All lines from the one with "Answer in this" through the final line below are to be reproduced exactly; omit the others.

Records from a dataset

Content starts

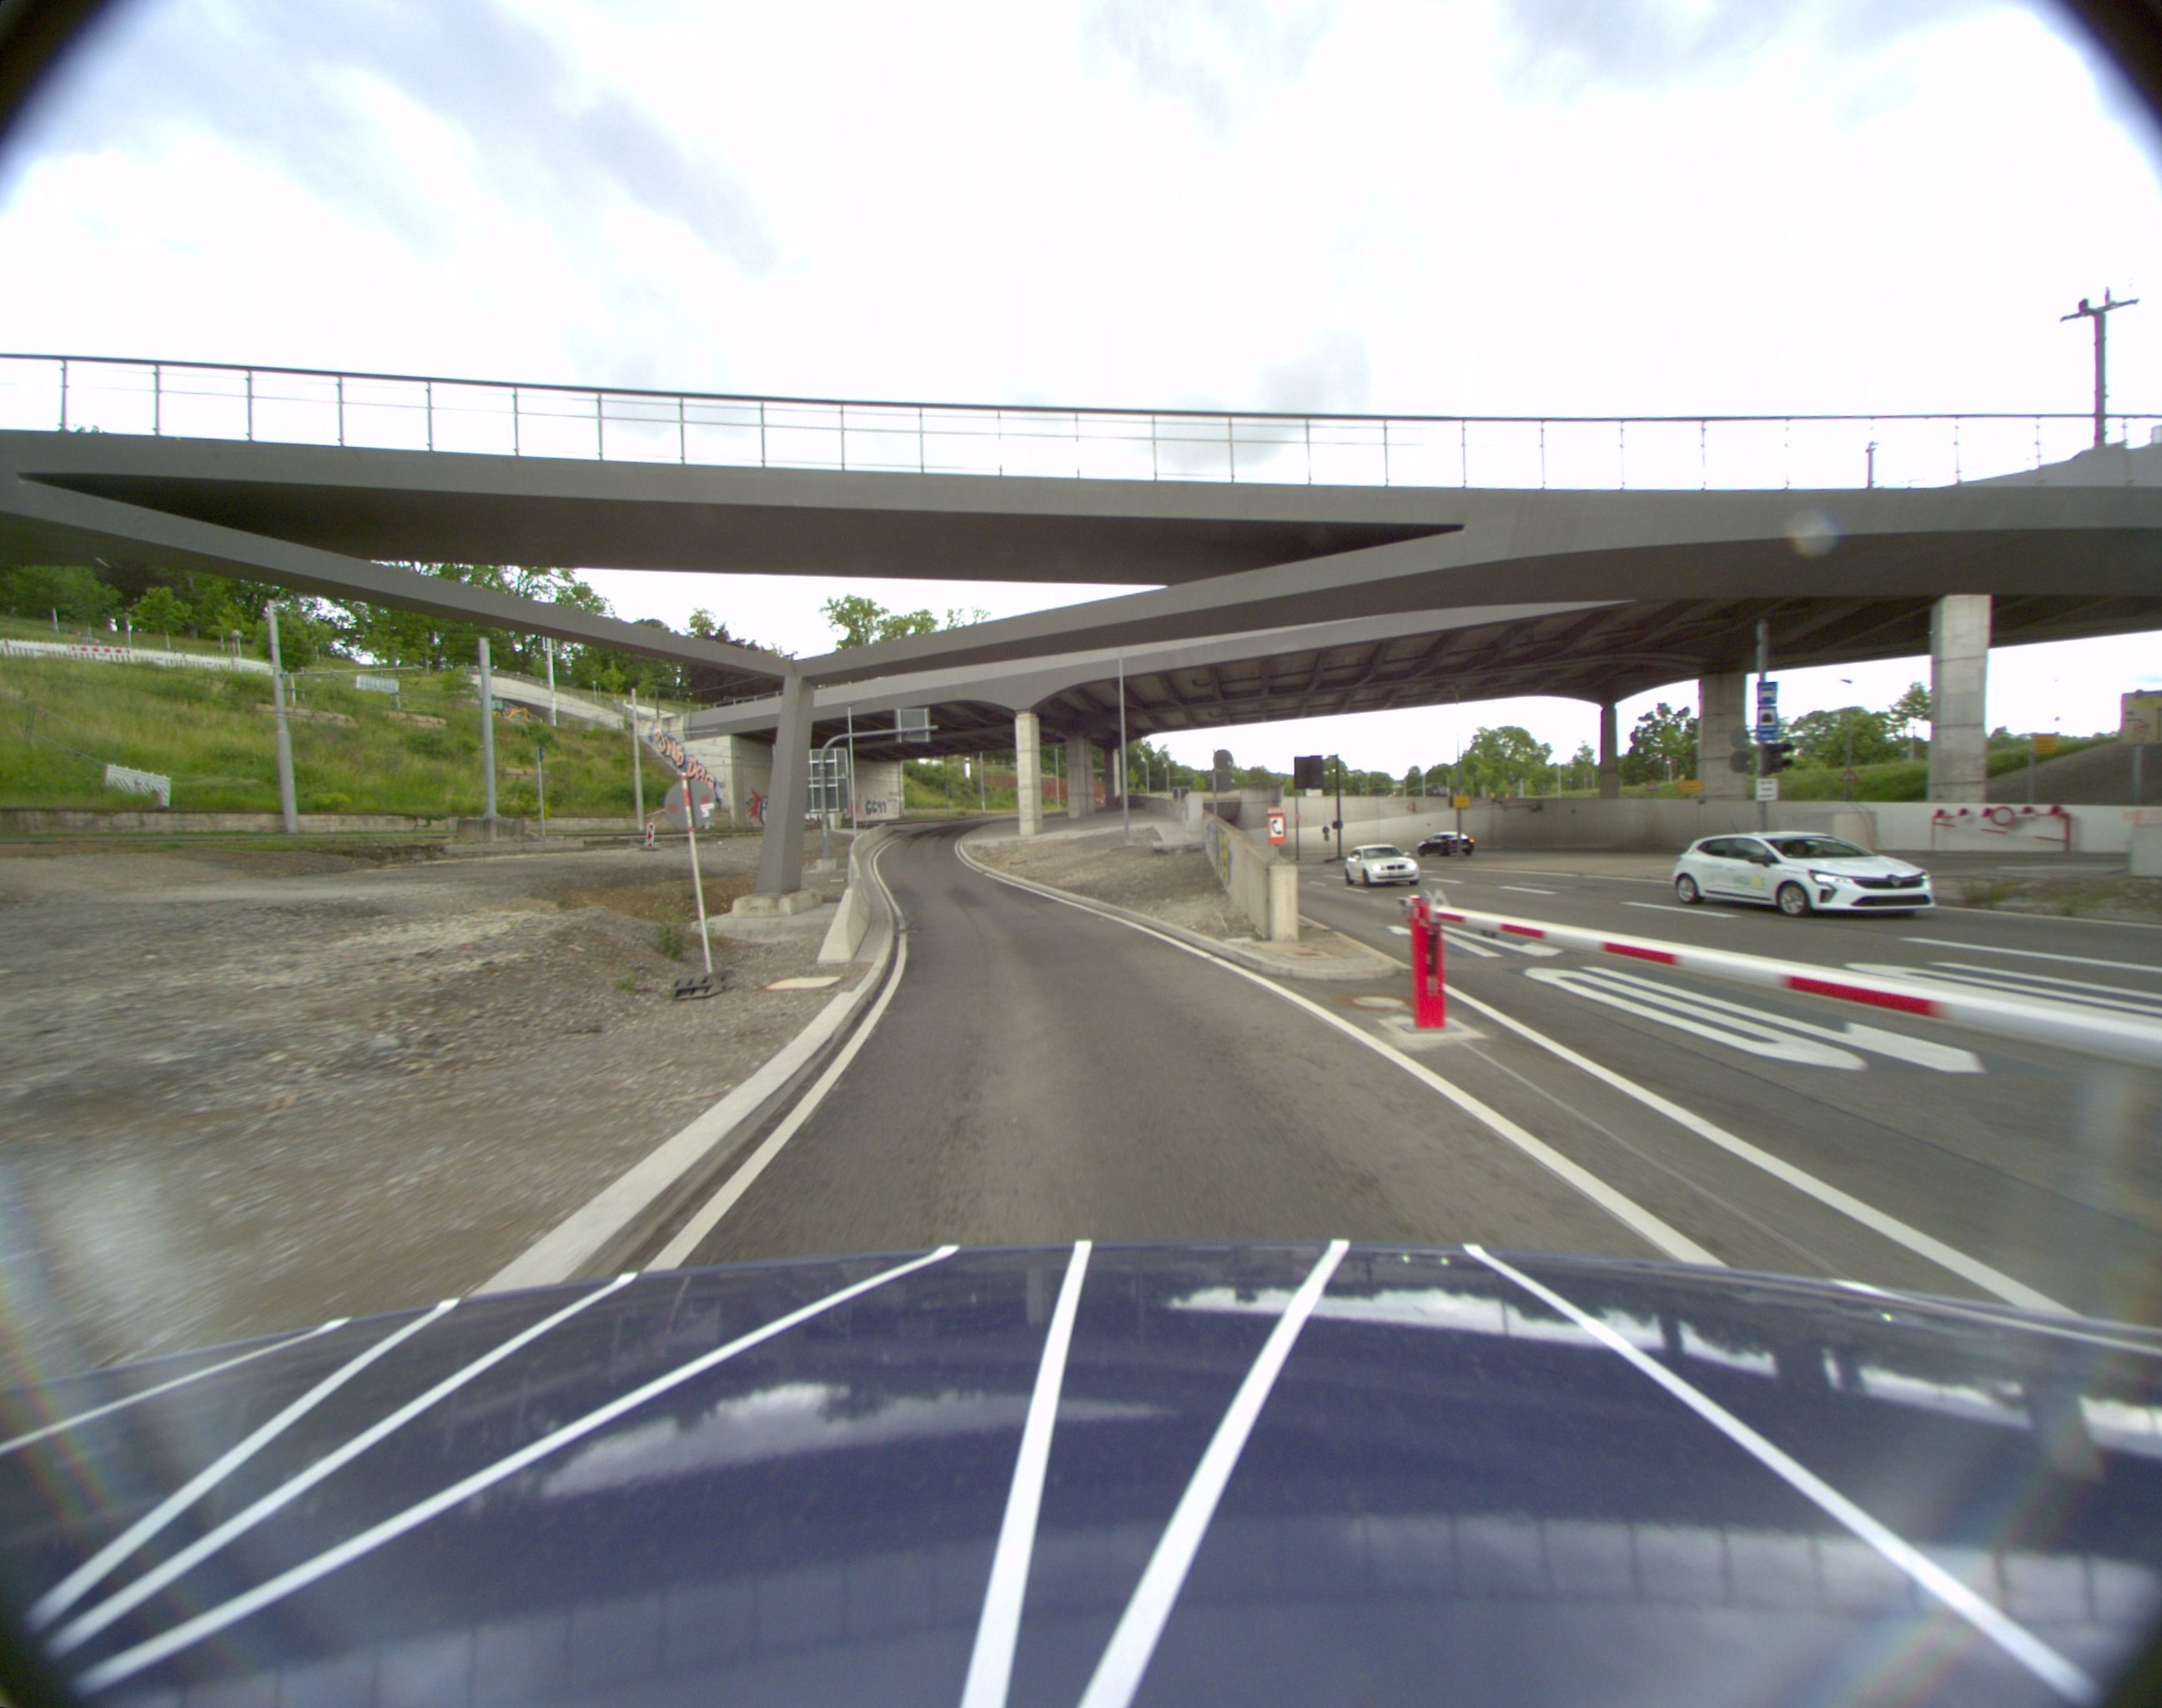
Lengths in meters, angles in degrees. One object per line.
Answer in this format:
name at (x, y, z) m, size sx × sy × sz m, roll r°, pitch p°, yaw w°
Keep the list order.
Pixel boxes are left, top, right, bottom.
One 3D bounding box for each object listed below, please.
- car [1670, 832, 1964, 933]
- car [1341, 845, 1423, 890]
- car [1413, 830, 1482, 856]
car at (12.813, 0.397, 13.637) m, size 1.579 × 1.476 × 3.997 m, roll -3°, pitch 1°, yaw 4°
car at (10.639, 0.431, 27.142) m, size 1.641 × 1.424 × 3.983 m, roll -2°, pitch 0°, yaw 6°
car at (22.188, -0.669, 46.200) m, size 1.793 × 1.469 × 4.613 m, roll -2°, pitch 1°, yaw -2°

Content ends

SOLUTION FOR THIS EXERCISE
Answer in this format:
name at (x, y, z) m, size sx × sy × sz m, roll r°, pitch p°, yaw w°
Keep the list order.
Pixel boxes are left, top, right, bottom.
One 3D bounding box for each object listed below, please.
- car [1670, 832, 1964, 933]
- car [1341, 845, 1423, 890]
- car [1413, 830, 1482, 856]
car at (12.813, 0.397, 13.637) m, size 1.579 × 1.476 × 3.997 m, roll -3°, pitch 1°, yaw 4°
car at (10.639, 0.431, 27.142) m, size 1.641 × 1.424 × 3.983 m, roll -2°, pitch 0°, yaw 6°
car at (22.188, -0.669, 46.200) m, size 1.793 × 1.469 × 4.613 m, roll -2°, pitch 1°, yaw -2°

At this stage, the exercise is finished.